ECLI:NL:PHR:2019:8
Parket bij de Hoge Raad
- Rechtspraak.nl
Cassatieberoep tegen veroordeling voor terroristische aanslag op moskee Enschede
In deze zaak gaat het om een cassatieberoep dat is ingesteld door de verdachte, die eerder door het gerechtshof Arnhem-Leeuwarden is veroordeeld voor verschillende misdrijven met een terroristisch oogmerk. De veroordeling betreft onder andere het medeplegen van samenspanning tot opzettelijk brandstichten en het voorbereiden van een ontploffing, waarbij gemeen gevaar voor goederen te duchten is. De verdachte is door het hof veroordeeld tot een gevangenisstraf van 36 maanden, waarvan 10 maanden voorwaardelijk, met een proeftijd van drie jaren en onder bijzondere voorwaarden.
De aanzegging van de veroordeling is op 16 mei 2018 aan de verdachte uitgereikt, terwijl hij gedetineerd was in de Penitentiaire Inrichting Almelo. De termijn voor het indienen van middelen van cassatie liep af op 16 juli 2018, maar er is geen schriftuur ingediend binnen deze termijn. Hierdoor kan de verdachte niet in zijn cassatieberoep worden ontvangen, zoals bepaald in artikel 437, tweede lid, van het Wetboek van Strafvordering.

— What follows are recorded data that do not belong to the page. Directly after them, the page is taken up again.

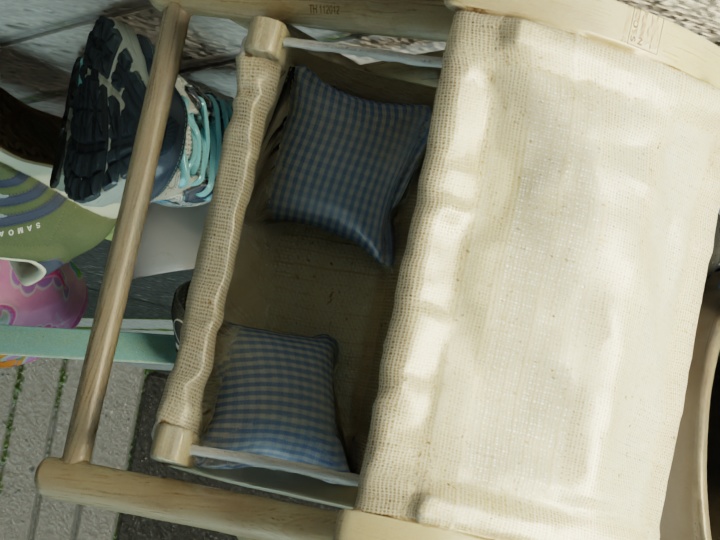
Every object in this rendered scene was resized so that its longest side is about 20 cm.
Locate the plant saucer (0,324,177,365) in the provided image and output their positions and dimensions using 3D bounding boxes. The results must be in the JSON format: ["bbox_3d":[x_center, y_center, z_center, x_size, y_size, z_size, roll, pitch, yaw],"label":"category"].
[{"bbox_3d":[-0.121,0.042,1.169,0.198,0.019,0.070,3,177,-5],"label":"plant saucer"}]

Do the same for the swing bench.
[{"bbox_3d":[0.015,0.006,0.776,0.199,0.200,0.129,4,168,38],"label":"swing bench"}]

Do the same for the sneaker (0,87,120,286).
[{"bbox_3d":[-0.191,-0.043,1.048,0.200,0.090,0.067,28,-155,-55],"label":"sneaker"}]

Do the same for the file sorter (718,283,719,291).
[{"bbox_3d":[0.283,0.055,0.976,0.199,0.139,0.123,16,137,-43],"label":"file sorter"}]

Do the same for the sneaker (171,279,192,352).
[{"bbox_3d":[0.000,0.000,1.122,0.198,0.087,0.081,-7,-143,-5],"label":"sneaker"}]

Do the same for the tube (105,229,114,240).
[{"bbox_3d":[-0.092,-0.030,1.279,0.199,0.052,0.058,17,171,-40],"label":"tube"}]

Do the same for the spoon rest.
[{"bbox_3d":[-0.078,-0.031,1.138,0.061,0.099,0.200,54,162,-5],"label":"spoon rest"}]

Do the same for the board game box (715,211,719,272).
[{"bbox_3d":[0.213,0.010,1.133,0.199,0.035,0.135,12,162,-11],"label":"board game box"}]

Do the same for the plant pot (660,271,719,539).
[{"bbox_3d":[0.126,0.102,1.065,0.173,0.202,0.200,-3,167,31],"label":"plant pot"}]

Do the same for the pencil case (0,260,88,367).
[{"bbox_3d":[-0.219,-0.021,1.193,0.087,0.088,0.200,8,156,17],"label":"pencil case"}]

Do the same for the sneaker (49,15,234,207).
[{"bbox_3d":[-0.082,-0.063,0.942,0.086,0.078,0.200,9,-177,-12],"label":"sneaker"}]

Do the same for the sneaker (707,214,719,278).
[{"bbox_3d":[0.098,-0.009,0.920,0.199,0.076,0.115,15,-164,-34],"label":"sneaker"}]
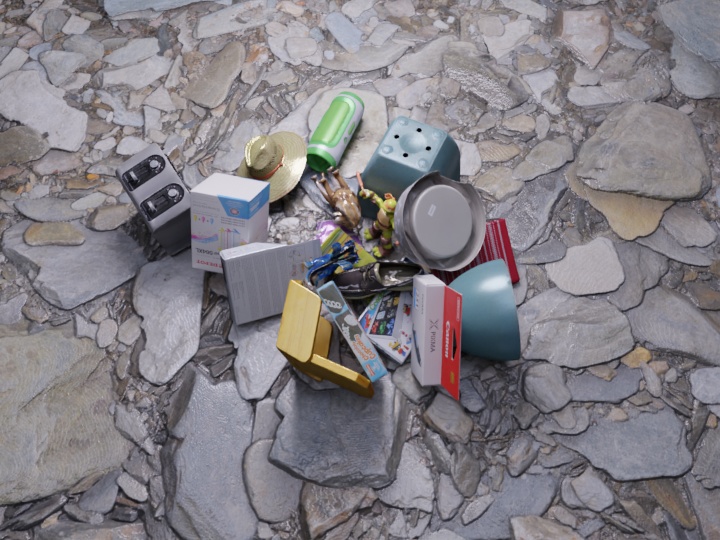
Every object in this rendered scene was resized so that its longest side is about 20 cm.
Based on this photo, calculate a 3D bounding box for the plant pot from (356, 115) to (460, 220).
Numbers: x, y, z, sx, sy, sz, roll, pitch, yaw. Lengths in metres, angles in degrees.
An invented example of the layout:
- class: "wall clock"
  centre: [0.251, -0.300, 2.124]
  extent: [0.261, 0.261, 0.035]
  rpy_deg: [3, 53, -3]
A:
- class: "plant pot"
  centre: [0.109, -0.224, 1.361]
  extent: [0.195, 0.200, 0.197]
  rpy_deg: [23, 66, 13]

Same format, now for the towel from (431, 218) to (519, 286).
- class: "towel"
  centre: [0.240, -0.021, 1.310]
  extent: [0.199, 0.022, 0.145]
  rpy_deg: [-15, 92, -17]

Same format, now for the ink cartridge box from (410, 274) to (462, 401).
- class: "ink cartridge box"
  centre: [0.139, 0.122, 1.157]
  extent: [0.045, 0.176, 0.201]
  rpy_deg: [-1, 100, -10]

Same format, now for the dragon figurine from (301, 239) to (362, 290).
- class: "dragon figurine"
  centre: [-0.055, -0.018, 1.205]
  extent: [0.099, 0.200, 0.059]
  rpy_deg: [-28, 92, 12]

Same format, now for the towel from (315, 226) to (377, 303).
- class: "towel"
  centre: [0.000, 0.000, 1.309]
  extent: [0.200, 0.018, 0.086]
  rpy_deg: [40, 74, -7]

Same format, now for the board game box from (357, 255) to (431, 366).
- class: "board game box"
  centre: [0.087, 0.081, 1.287]
  extent: [0.126, 0.035, 0.200]
  rpy_deg: [37, 69, 2]

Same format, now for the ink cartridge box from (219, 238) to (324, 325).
- class: "ink cartridge box"
  centre: [-0.179, 0.016, 1.277]
  extent: [0.199, 0.163, 0.057]
  rpy_deg: [-16, 34, -21]

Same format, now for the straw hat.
- class: "straw hat"
  centre: [-0.225, -0.261, 1.415]
  extent: [0.200, 0.085, 0.202]
  rpy_deg: [-10, 63, 19]

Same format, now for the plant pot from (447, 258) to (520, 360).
- class: "plant pot"
  centre: [0.228, 0.086, 1.214]
  extent: [0.134, 0.200, 0.201]
  rpy_deg: [-9, 64, 5]

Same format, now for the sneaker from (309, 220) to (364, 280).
- class: "sneaker"
  centre: [-0.101, -0.047, 1.355]
  extent: [0.200, 0.073, 0.115]
  rpy_deg: [-16, 61, -18]

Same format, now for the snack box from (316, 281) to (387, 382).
- class: "snack box"
  centre: [-0.016, 0.113, 1.180]
  extent: [0.037, 0.116, 0.200]
  rpy_deg: [-31, 89, -1]

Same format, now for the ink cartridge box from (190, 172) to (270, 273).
- class: "ink cartridge box"
  centre: [-0.275, -0.085, 1.304]
  extent: [0.128, 0.201, 0.125]
  rpy_deg: [10, 27, 8]

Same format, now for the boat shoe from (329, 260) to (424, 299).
- class: "boat shoe"
  centre: [0.032, 0.010, 1.252]
  extent: [0.199, 0.065, 0.073]
  rpy_deg: [-9, 65, -2]

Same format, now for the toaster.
- class: "toaster"
  centre: [-0.425, -0.149, 1.351]
  extent: [0.118, 0.200, 0.181]
  rpy_deg: [-32, 75, -10]

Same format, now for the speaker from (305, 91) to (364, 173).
- class: "speaker"
  centre: [-0.061, -0.334, 1.482]
  extent: [0.088, 0.089, 0.200]
  rpy_deg: [20, 66, 11]

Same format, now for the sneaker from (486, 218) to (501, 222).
- class: "sneaker"
  centre: [0.231, -0.061, 1.361]
  extent: [0.199, 0.075, 0.077]
  rpy_deg: [-22, 96, -12]

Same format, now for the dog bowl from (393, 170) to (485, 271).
- class: "dog bowl"
  centre: [0.154, -0.097, 1.229]
  extent: [0.199, 0.059, 0.201]
  rpy_deg: [1, 88, -28]

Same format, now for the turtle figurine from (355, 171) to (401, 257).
- class: "turtle figurine"
  centre: [0.049, -0.113, 1.326]
  extent: [0.064, 0.161, 0.200]
  rpy_deg: [-31, 70, -26]

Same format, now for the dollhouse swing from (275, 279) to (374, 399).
- class: "dollhouse swing"
  centre: [-0.050, 0.134, 1.178]
  extent: [0.175, 0.200, 0.182]
  rpy_deg: [7, 70, 8]

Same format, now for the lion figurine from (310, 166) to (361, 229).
- class: "lion figurine"
  centre: [-0.049, -0.164, 1.377]
  extent: [0.072, 0.200, 0.123]
  rpy_deg: [-31, 108, 4]
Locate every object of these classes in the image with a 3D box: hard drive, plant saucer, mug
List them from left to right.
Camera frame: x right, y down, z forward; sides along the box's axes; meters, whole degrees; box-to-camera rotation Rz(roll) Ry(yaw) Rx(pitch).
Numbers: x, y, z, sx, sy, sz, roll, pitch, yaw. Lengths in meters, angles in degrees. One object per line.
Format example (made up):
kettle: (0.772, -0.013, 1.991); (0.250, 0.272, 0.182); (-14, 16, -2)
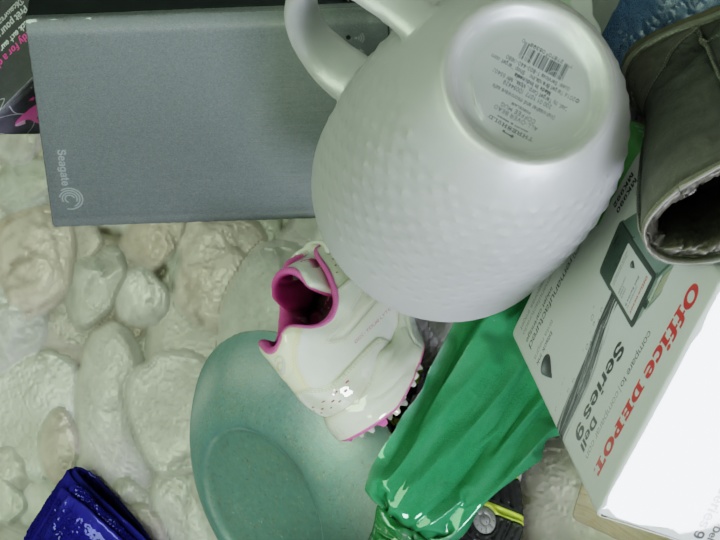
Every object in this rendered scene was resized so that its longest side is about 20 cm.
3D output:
hard drive: (-0.082, -0.092, 1.377); (0.199, 0.033, 0.140); (-2, 126, 1)
plant saucer: (-0.046, 0.136, 1.479); (0.201, 0.039, 0.202); (24, 127, 37)
mug: (0.043, -0.083, 1.252); (0.200, 0.175, 0.148); (41, 69, 1)

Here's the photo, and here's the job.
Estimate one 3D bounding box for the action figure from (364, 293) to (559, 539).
action figure: (0.065, 0.086, 1.399); (0.118, 0.055, 0.200); (38, 81, -9)

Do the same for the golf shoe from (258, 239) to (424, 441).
golf shoe: (0.000, 0.000, 1.410); (0.091, 0.200, 0.075); (36, 134, -21)

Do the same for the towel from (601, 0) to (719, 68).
towel: (0.219, -0.169, 1.337); (0.112, 0.049, 0.200); (33, 109, 6)

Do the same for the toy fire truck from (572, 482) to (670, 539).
toy fire truck: (0.167, 0.157, 1.398); (0.200, 0.049, 0.141); (-31, 77, 28)

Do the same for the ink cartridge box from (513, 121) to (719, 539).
ink cartridge box: (0.164, 0.030, 1.276); (0.084, 0.200, 0.146); (18, 111, -18)

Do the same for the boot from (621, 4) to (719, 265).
boot: (0.212, -0.089, 1.225); (0.182, 0.200, 0.073); (-30, 106, 11)

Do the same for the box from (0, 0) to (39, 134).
box: (-0.158, -0.160, 1.478); (0.132, 0.200, 0.115); (-42, 72, 25)

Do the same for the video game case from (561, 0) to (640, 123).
video game case: (0.092, -0.172, 1.438); (0.200, 0.022, 0.183); (24, 104, 26)

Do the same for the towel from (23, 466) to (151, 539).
towel: (-0.193, 0.249, 1.607); (0.148, 0.050, 0.200); (42, 111, 22)

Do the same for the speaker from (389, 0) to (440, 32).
speaker: (0.029, -0.148, 1.417); (0.081, 0.081, 0.200); (-41, 73, 25)

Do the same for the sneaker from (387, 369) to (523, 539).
sneaker: (0.025, 0.104, 1.475); (0.200, 0.075, 0.076); (55, 143, 14)
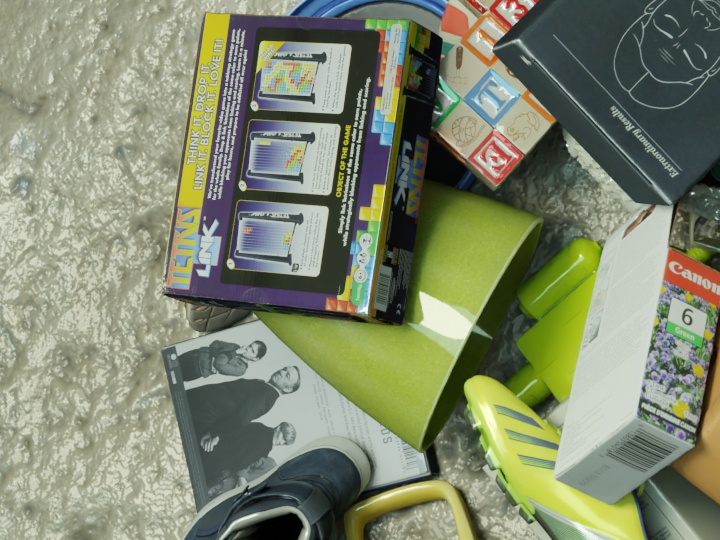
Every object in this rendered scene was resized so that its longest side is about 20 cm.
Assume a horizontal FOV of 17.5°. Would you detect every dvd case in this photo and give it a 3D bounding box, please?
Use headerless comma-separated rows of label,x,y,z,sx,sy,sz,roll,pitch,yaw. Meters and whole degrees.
dvd case,-0.049,0.107,1.798,0.199,0.025,0.151,-16,82,22

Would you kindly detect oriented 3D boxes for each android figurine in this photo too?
android figurine,0.195,0.060,1.684,0.200,0.041,0.182,-40,73,19

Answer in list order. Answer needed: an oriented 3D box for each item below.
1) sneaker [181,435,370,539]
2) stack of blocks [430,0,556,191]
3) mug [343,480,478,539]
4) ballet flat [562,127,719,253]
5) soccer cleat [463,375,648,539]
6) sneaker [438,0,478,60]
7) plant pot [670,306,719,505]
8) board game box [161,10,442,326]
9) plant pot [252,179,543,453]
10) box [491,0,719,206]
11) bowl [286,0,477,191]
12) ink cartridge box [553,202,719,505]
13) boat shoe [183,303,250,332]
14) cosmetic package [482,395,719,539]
sneaker,-0.091,0.214,1.729,0.077,0.146,0.202,45,118,-4
stack of blocks,0.117,-0.167,1.614,0.115,0.059,0.200,41,90,2
mug,0.047,0.252,1.690,0.153,0.149,0.187,-19,87,14
ballet flat,0.229,-0.049,1.627,0.199,0.072,0.072,17,95,-4
soccer cleat,0.144,0.146,1.582,0.084,0.065,0.200,-36,82,0
sneaker,0.151,-0.160,1.677,0.199,0.070,0.094,14,92,8
plant pot,0.282,0.087,1.534,0.140,0.200,0.201,24,100,-15
board game box,-0.040,-0.070,1.584,0.165,0.057,0.201,6,84,29
plant pot,0.000,0.000,1.669,0.200,0.187,0.188,28,99,8
box,0.211,-0.162,1.530,0.200,0.107,0.148,-44,96,-3
bowl,0.012,-0.122,1.771,0.200,0.039,0.201,-1,88,24
ink cartridge box,0.190,0.044,1.551,0.050,0.109,0.200,26,55,-13
boat shoe,-0.099,-0.042,1.781,0.072,0.076,0.200,55,139,40
cosmetic package,0.192,0.178,1.632,0.103,0.073,0.200,-40,85,30
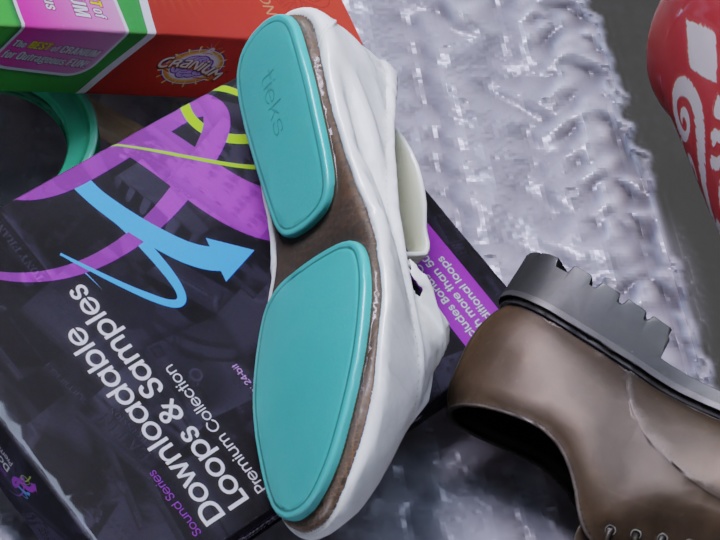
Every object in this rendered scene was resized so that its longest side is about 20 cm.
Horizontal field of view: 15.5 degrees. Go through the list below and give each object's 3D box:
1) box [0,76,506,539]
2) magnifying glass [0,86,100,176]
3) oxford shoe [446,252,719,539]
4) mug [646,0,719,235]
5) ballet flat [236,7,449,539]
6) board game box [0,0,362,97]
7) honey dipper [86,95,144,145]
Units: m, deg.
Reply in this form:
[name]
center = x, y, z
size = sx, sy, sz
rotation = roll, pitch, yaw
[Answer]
[box]
center = -0.052, 0.018, 0.928
size = 0.200, 0.036, 0.143
rotation = -33, 77, -33
[magnifying glass]
center = -0.191, -0.026, 0.983
size = 0.199, 0.022, 0.080
rotation = -22, 61, -16
[oxford shoe]
center = 0.116, 0.082, 0.903
size = 0.200, 0.073, 0.085
rotation = 32, 73, 21
[mug]
center = 0.212, -0.027, 0.977
size = 0.176, 0.134, 0.201
rotation = -3, 47, -8
[ballet flat]
center = 0.000, 0.000, 0.907
size = 0.069, 0.070, 0.201
rotation = -1, 60, -9
[board game box]
center = -0.109, -0.141, 1.032
size = 0.199, 0.040, 0.154
rotation = -2, 59, -45
[honey dipper]
center = -0.112, -0.065, 1.047
size = 0.199, 0.038, 0.038
rotation = 29, 47, 28
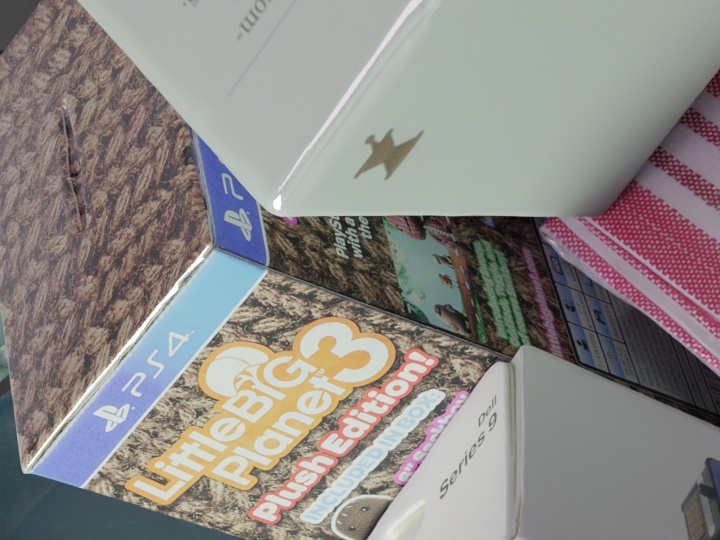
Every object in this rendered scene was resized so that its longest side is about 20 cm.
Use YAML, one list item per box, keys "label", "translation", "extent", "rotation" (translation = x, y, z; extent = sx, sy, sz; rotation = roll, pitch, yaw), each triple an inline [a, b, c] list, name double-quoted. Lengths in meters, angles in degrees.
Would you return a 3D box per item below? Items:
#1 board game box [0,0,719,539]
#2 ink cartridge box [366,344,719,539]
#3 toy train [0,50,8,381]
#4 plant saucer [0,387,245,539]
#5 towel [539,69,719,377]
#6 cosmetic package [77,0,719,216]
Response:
- label: "board game box"
  translation: [0.000, 0.000, 0.840]
  extent: [0.097, 0.200, 0.160]
  rotation: [-49, 36, 30]
- label: "ink cartridge box"
  translation: [0.094, 0.128, 0.784]
  extent: [0.200, 0.088, 0.145]
  rotation: [25, 123, -13]
- label: "toy train"
  translation: [-0.170, 0.009, 1.047]
  extent: [0.200, 0.085, 0.114]
  rotation: [-41, 68, 29]
- label: "plant saucer"
  translation: [-0.060, 0.076, 0.950]
  extent: [0.200, 0.200, 0.036]
  rotation: [-1, 124, 32]
- label: "towel"
  translation: [0.168, -0.036, 0.802]
  extent: [0.200, 0.030, 0.146]
  rotation: [-43, 64, -14]
- label: "cosmetic package"
  translation: [0.008, -0.138, 0.733]
  extent: [0.200, 0.166, 0.167]
  rotation: [48, 115, 23]
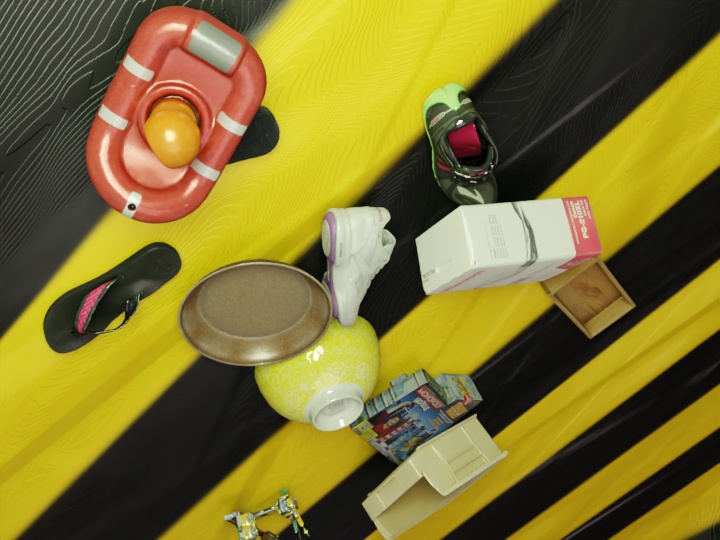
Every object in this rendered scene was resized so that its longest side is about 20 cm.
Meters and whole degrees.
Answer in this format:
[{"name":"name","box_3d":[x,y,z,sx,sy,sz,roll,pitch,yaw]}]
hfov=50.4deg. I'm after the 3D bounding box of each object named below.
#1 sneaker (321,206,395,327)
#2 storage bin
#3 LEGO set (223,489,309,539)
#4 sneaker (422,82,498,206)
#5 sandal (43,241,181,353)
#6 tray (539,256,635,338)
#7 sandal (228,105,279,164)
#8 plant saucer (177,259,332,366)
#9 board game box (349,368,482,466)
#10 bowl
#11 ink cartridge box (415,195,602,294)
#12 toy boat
[{"name":"sneaker","box_3d":[0.000,0.000,1.003,0.098,0.075,0.201,-12,138,-16]},{"name":"storage bin","box_3d":[0.130,0.378,1.390,0.197,0.094,0.201,-18,154,-42]},{"name":"LEGO set","box_3d":[-0.162,0.491,1.346,0.152,0.202,0.116,-9,156,1]},{"name":"sneaker","box_3d":[0.127,-0.131,0.927,0.076,0.084,0.200,-29,140,5]},{"name":"sandal","box_3d":[-0.298,0.039,0.908,0.199,0.045,0.075,-35,139,9]},{"name":"tray","box_3d":[0.383,0.039,1.281,0.098,0.037,0.200,-39,139,13]},{"name":"sandal","box_3d":[-0.180,-0.122,0.804,0.198,0.043,0.077,-22,139,-6]},{"name":"plant saucer","box_3d":[-0.136,0.050,0.993,0.197,0.037,0.202,-7,136,-6]},{"name":"board game box","box_3d":[0.099,0.233,1.311,0.199,0.062,0.200,-33,140,6]},{"name":"bowl","box_3d":[-0.049,0.170,1.131,0.198,0.108,0.202,-15,139,-14]},{"name":"ink cartridge box","box_3d":[0.193,-0.032,1.023,0.197,0.085,0.145,-6,167,-23]},{"name":"toy boat","box_3d":[-0.173,-0.131,0.702,0.129,0.131,0.201,27,109,-21]}]

De conclusie van de plv. AG, mr. D.J.M.W. Paridaens, is dat de Hoge Raad de verdachte niet-ontvankelijk zal verklaren in het ingestelde cassatieberoep. Dit betekent dat de eerdere veroordeling van het gerechtshof in stand blijft, omdat de verdachte niet tijdig heeft gereageerd op de aanzegging van zijn veroordeling.